Archives of Cancer Biology and Therapy
ISSN: 2692-8302

Commentary - Archives of Cancer Biology and Therapy (2020) Volume 1, Issue 3

Can Filtration Technology Advance Culture of Circulating Tumor Cells towards Precision Medicine?

Christoph Müller, Mathias Lindh Jørgensen, Menglin Chen*

Department of Engineering, Aarhus University, Aarhus, Denmark

*Corresponding Author:
Menglin Chen
E-mail:menglin@eng.au.dk

Received date: September 24, 2020; Accepted date: November 05, 2020

Citation: Müller C, Jørgensen ML, Chen M. Can Filtration Technology Advance Culture of Circulating Tumor Cells towards Precision Medicine?. Arch Cancer Biol Ther. 2020; 1(3): 59-64.

Copyright: © 2020 Müller C, et al. This is an open-access article distributed under the terms of the Creative Commons Attribution License, which permits unrestricted use, distribution, and reproduction in any medium, provided the original author and source are credited.


Abstract

Expansion of Circulating Tumor Cells (CTC), the metastatic seeds of cancer in the blood stream, holds great potential in clinical application, especially towards precision medicine. Given the relatively rare nature of CTCs, their culture remains to be a significant challenge. When developing technologies for CTC culture, there are key elements that need careful consideration, including the speed of culture, compatibility with downstream analysis, and the implementation of the technology into established clinical daily routines. Herein, we briefly discuss the implications of our recent report of an ultrathin filter for the capture and culture of circulating colon cancer cells.


Commentary

Today, cancer is the second leading cause of death, with about 9.6 million deaths globally in 2018 [1]. At the end of the 19th century, Paul Ehrlich contributed a milestone to cancer research by introducing chemotherapy as a promising tumor treatment approach [2]. Since then, cancer treatment has undergone tremendous advances, with chemotherapy still being a widely used cancer treatment method today, however, often associated with severe side effects [3]. Immunotherapy emerged in the 1980’s, and by activating or boosting the body’s own antitumor mechanisms, [4] it has proven to be one of the most promising cancer treatments, showing fewer off-target effects than chemotherapy [5]. Thanks to advances of the nucleic acid technology, tremendous amount of data can now be collected for each individual patient. Once such data can be properly stratified and related to functional studies, the nucleic acid based technologies will most likely pave the way for early diagnosis and hence allowing cancer treatment in early disease progression [6,7].

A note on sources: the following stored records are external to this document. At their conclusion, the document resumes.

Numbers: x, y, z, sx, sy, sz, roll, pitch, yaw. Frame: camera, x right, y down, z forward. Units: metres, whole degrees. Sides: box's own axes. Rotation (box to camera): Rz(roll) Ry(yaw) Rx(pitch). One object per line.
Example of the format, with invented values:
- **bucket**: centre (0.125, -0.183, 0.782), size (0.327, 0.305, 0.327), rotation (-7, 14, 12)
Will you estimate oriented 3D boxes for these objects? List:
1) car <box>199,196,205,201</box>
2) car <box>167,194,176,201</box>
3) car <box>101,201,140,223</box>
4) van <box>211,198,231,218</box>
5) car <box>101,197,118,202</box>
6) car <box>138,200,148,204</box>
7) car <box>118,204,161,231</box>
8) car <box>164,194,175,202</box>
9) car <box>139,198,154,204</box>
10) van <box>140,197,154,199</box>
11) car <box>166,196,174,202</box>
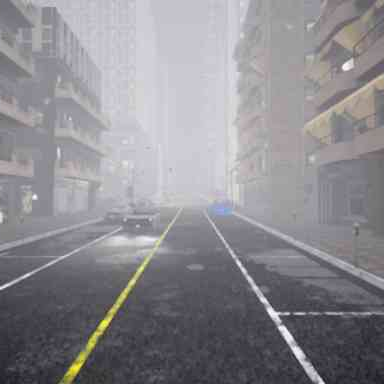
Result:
- **car**: centre (2.701, 1.870, 91.730), size (1.802, 1.307, 4.206), rotation (1, 0, 0)
- **car**: centre (-5.673, 1.603, 91.669), size (2.192, 1.841, 5.009), rotation (1, 0, 0)
- **car**: centre (-5.644, 1.633, 25.830), size (2.008, 1.369, 4.403), rotation (1, 0, 0)
- **van**: centre (2.707, 1.441, 31.424), size (1.690, 1.788, 3.998), rotation (1, 0, 0)
- **car**: centre (-16.492, 1.703, 65.098), size (4.097, 1.590, 1.967), rotation (0, -1, 0)
- **car**: centre (-5.644, 1.682, 31.371), size (1.802, 1.307, 4.206), rotation (1, 0, 0)
- **car**: centre (-3.101, 1.668, 21.173), size (1.895, 1.301, 4.718), rotation (0, 0, 0)
- **car**: centre (-5.675, 1.693, 80.518), size (1.967, 1.590, 4.097), rotation (1, 0, 0)
- **car**: centre (-5.644, 1.683, 36.910), size (1.947, 1.339, 4.313), rotation (1, 0, 0)
- **van**: centre (-5.810, 1.475, 42.452), size (1.690, 1.788, 3.998), rotation (1, 0, 0)
- **car**: centre (-5.679, 1.852, 86.093), size (1.802, 1.307, 4.206), rotation (1, 0, 0)
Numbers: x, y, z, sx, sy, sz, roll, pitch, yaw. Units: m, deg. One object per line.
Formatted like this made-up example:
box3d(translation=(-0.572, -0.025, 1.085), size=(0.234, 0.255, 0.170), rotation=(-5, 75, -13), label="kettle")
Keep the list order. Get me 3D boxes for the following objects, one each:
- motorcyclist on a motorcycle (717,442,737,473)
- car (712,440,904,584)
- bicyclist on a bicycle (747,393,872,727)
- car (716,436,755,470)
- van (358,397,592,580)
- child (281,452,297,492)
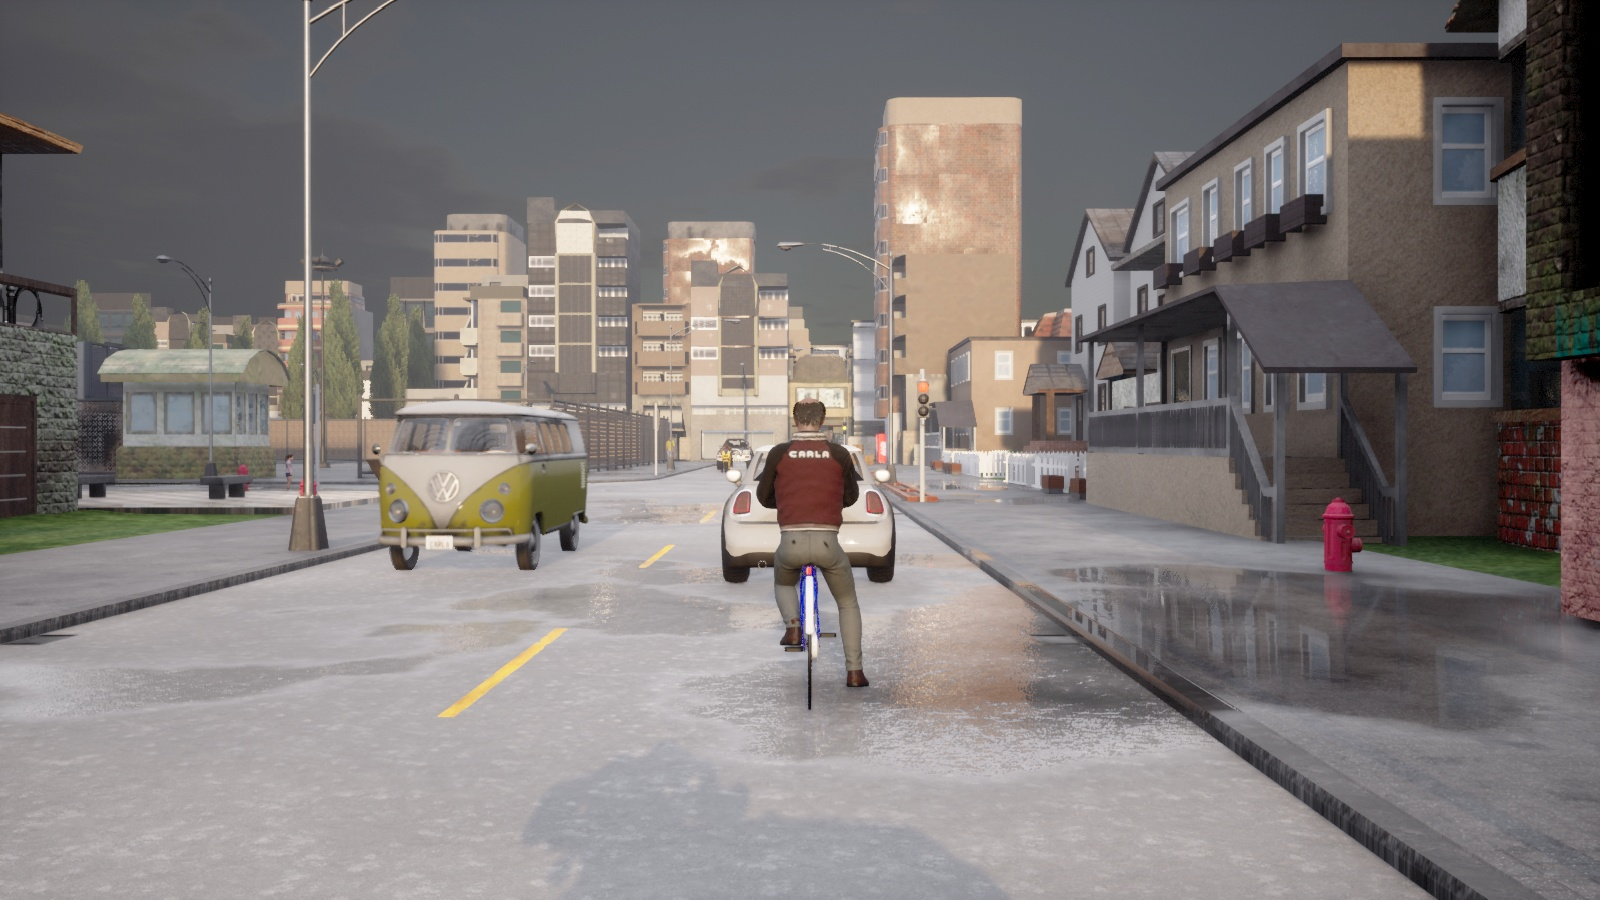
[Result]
box3d(translation=(-3.636, 0.372, 62.667), size=(0.797, 1.523, 2.044), rotation=(0, 0, 2), label="motorcyclist on a motorcycle")
box3d(translation=(0.093, 0.628, 14.787), size=(1.970, 1.475, 3.806), rotation=(0, 0, 0), label="car")
box3d(translation=(0.056, 0.574, 7.591), size=(0.659, 1.776, 1.843), rotation=(0, 1, 0), label="bicyclist on a bicycle")
box3d(translation=(-3.610, 0.161, 70.722), size=(1.932, 1.855, 4.605), rotation=(0, 0, 1), label="car")
box3d(translation=(-3.901, 0.406, 15.871), size=(1.775, 1.987, 4.442), rotation=(0, 0, 0), label="van")
box3d(translation=(-14.515, 0.621, 35.680), size=(0.394, 1.110, 0.255), rotation=(0, 0, -15), label="child")

In many cases, the cancer heterogeneity counteracts a general treatment approach that benefits every patient to the same extent [8,9]. Precision medicine for cancer is therefore seen as a landmark in cancer therapy. For effective drug testing and down-stream cancer analysis, an ex vivo 3D tumor model comprised of cancer cells from the individual patient would be a valuable tool. One possible resource to obtain ex vivo tumor models from patients might be circulating tumor cells (CTCs). Although CTCs are considered to be the main source of metastasis, their clinical application remain uncertain. Essentially, the CTC number in blood of especially colorectal cancer patients can be extremely low with 10-9 ml?1 among hematologic blood cells [10]. This rareness of CTCs in blood hampers the efficiency by which they can be analyzed, and used for functional studies and treatment screening. Several methods to isolate CTCs from patient blood have been developed over the last two decades [11], with CellSearch® as the only FDA approved method to isolate and enumerate CTCs. In recent years, focus has turned from enumeration to expansion of CTCs. The establishment of stable CTC cell lines derived from patient blood has been demonstrated and important insights into cancer biology could be obtained [12-20]. A few leading studies either successfully applied negative depletion methods [12-14,19,20] or used microfluidic devices [15-18,21] to culture CTCs from patient blood. Although highly depending on cancer type and disease status, negative depletion methods suffer from low culture success rates (e. g. 5.9% [12], 8.6% [13], 8.7% [20] and 2% [14]). Since time is precious in cancer treatment, rapid expansion of captured CTCs is a critical factor for CTC culture technology. The aforementioned negative depletion studies showed culture time duration varying from 3-4 weeks [13,20] to several months [12,14,19] in order to obtain stable CTC cultures. On the other hand, microfluidic devices have shown higher culture success rates (e. g. 16.7% [18] and 19.6–59.3% [16]), and sufficient CTC expansion e. g. for drug testing within 2 weeks [16]. However, microfluidic devices often suffer from their inherent complexity which hampers their integration into clinical routines. Thus there is still a need for CTC culture technologies which enable fast expansion of CTCs and makes it possible to analyze the expanded tumor material in a way that can easily adapt to clinical practices.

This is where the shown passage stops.